Prove that rank one projectors have the same partial trace iff they differ by a local unitary operation

Question

In nielsen and chuang's QCQI book, there is a theorem called Unitary freedom in the ensemble for density matrices, which states that the sets $|\psi_i\rangle$ and $|\phi_i\rangle$ generate the same density matrix iff $$ |\psi_i\rangle=\sum_iu_{ij}|\phi_j\rangle. $$ And I also found something interesting with respect to the reduced density matrix, which I stated as a theorem while I only prove a part of it and leave another part of it as the problem of the pose:

Theorem $Tr_B|\Psi\rangle_{AB}\langle\Psi|=Tr_B|\Phi\rangle_{AB}\langle\Phi|$ iff $|\Psi\rangle_{AB}=I\otimes U|\Phi\rangle$.

It's easy to see if $|\Psi\rangle_{AB}=I\otimes U|\Phi\rangle$, then the first part of the theorem is right, while I don't know how to prove the reverse of the theorem is true. (P.S. The theorem is inspired by the unitary freedom in the ensemble of density matrices, so it might not be true.)

Answer 1

Consider the state $|\Psi\rangle$. This has a Schmidt decomposition $$ |\Psi\rangle=U_A\otimes U_B\sum_i\lambda_i|ii\rangle. $$ Its reduced density matrix is $$ \rho_A=U_A\left(\sum_i\lambda_i|i\rangle\langle i|\right)U_A^\dagger. $$

It must be that if $|\Phi\rangle$ has the same reduced density matrix, the density matrices have the same spectrum and hence $|\Phi\rangle$ has the same Schmidt coefficients.
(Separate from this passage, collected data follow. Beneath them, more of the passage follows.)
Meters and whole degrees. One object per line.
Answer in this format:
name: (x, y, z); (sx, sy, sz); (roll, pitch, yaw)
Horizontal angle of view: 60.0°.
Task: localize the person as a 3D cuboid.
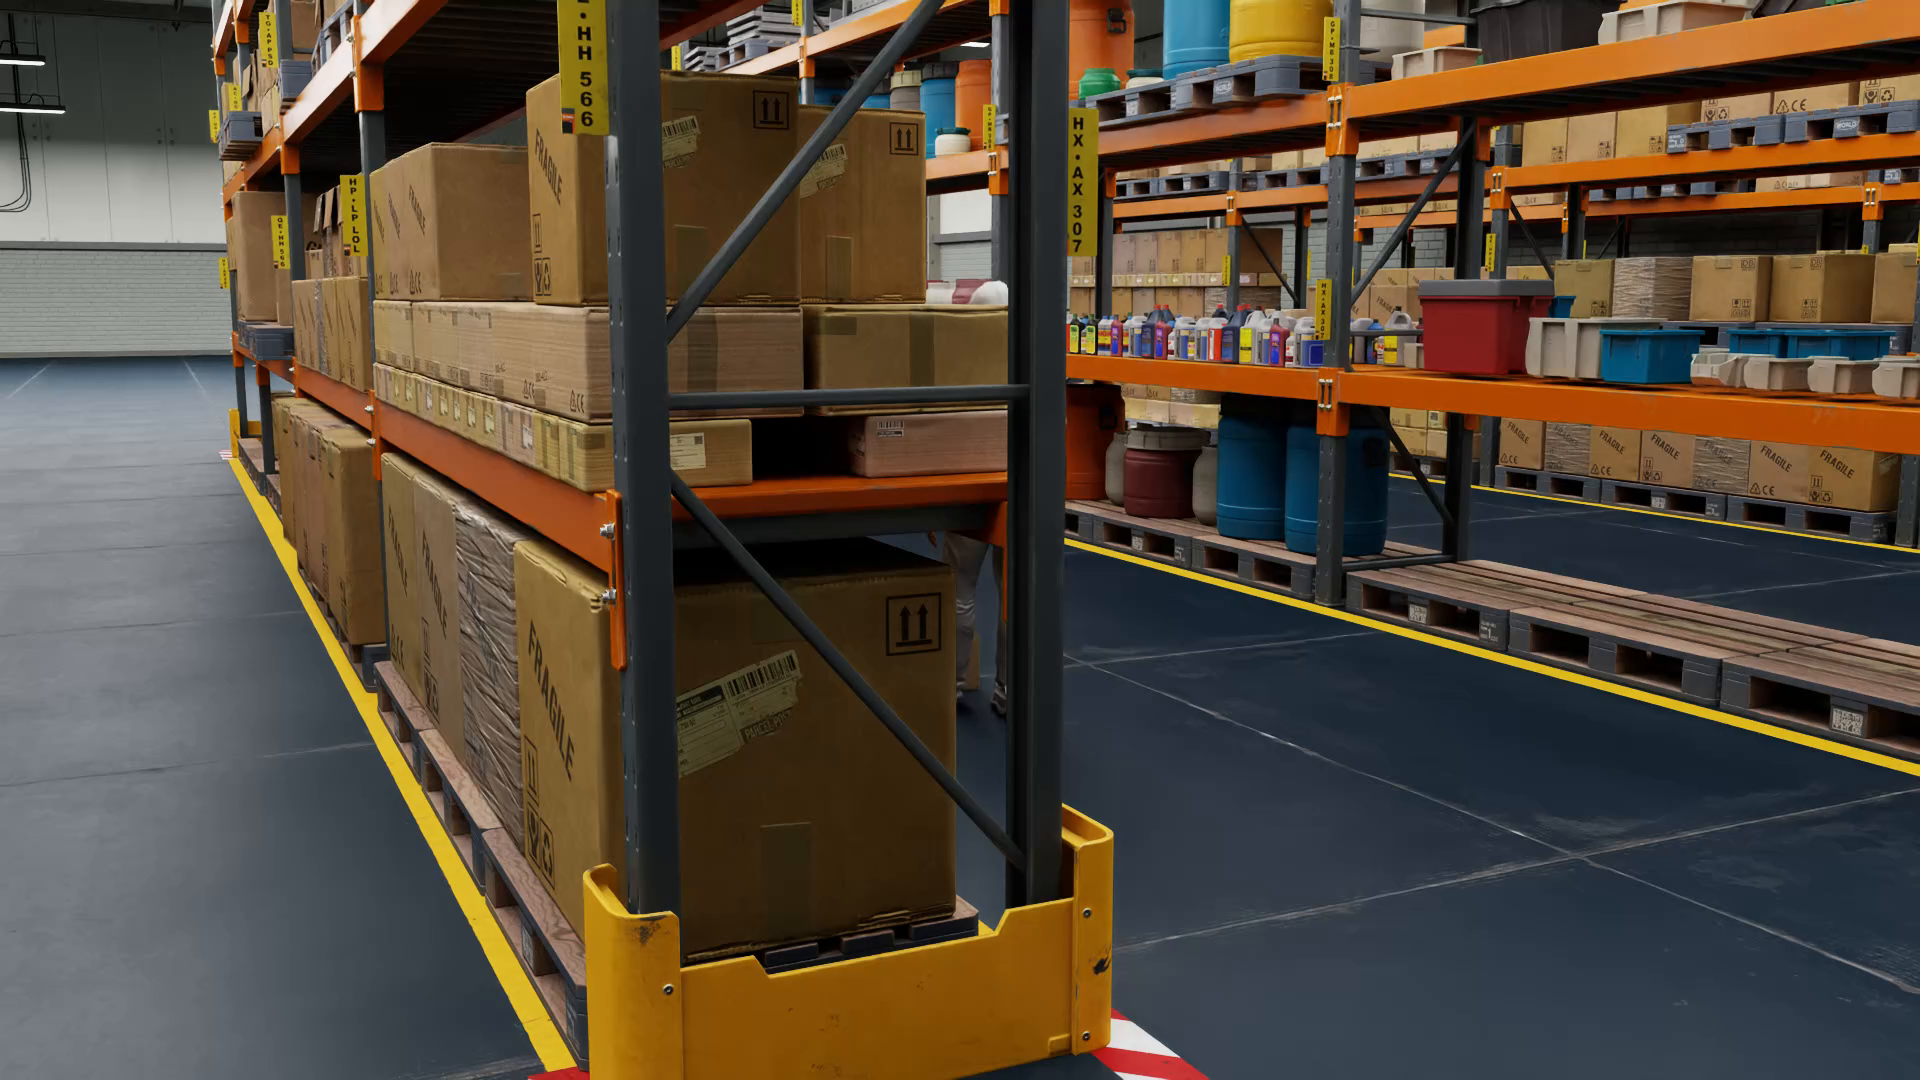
person: (0.108, -0.183, 6.929); (0.605, 1.768, 0.594); (-2, 9, -15)

Hence, $$ |\Phi\rangle=V_A\otimes V_B\sum_i\lambda_i|ii\rangle. $$

To start with (for simplicity), let's take the case where all the $\lambda_i$ are unique. It is also clear that $U_A=V_A$ so, in this case, we have the required result with $U=U_BV_B^\dagger$.

If there are repeated $\lambda_i$, the situation is a little more fiddly. For all distinct $\lambda_i$, it must be that $U_A|i\rangle=V_A|i\rangle$. But it could be that the way you've happened to choose the $U_A$ and $V_A$ is different, relying on a unitary freedom within the degenerate subspaces. However, we only have to prove that there exists one choice of $V_A,V_B$ such that the theorem holds. To do this, note that, within this degenerate subspace, what we effectively have (up to normalisation) is a maximally entangled state $\lambda\sum_i|ii\rangle$. But we know that $$ U\otimes U^\star\sum_i|ii\rangle=\sum_i|ii\rangle. $$ Hence, if we decompose the choice $V_A=U_AV_2$, then we also have $$ |\Phi\rangle=U_A\otimes(V_B\cdot V_2^\star)\sum_i\lambda_i|ii\rangle, $$ and hence you have the required result with $U=U_B V_2^T V_B^\dagger$.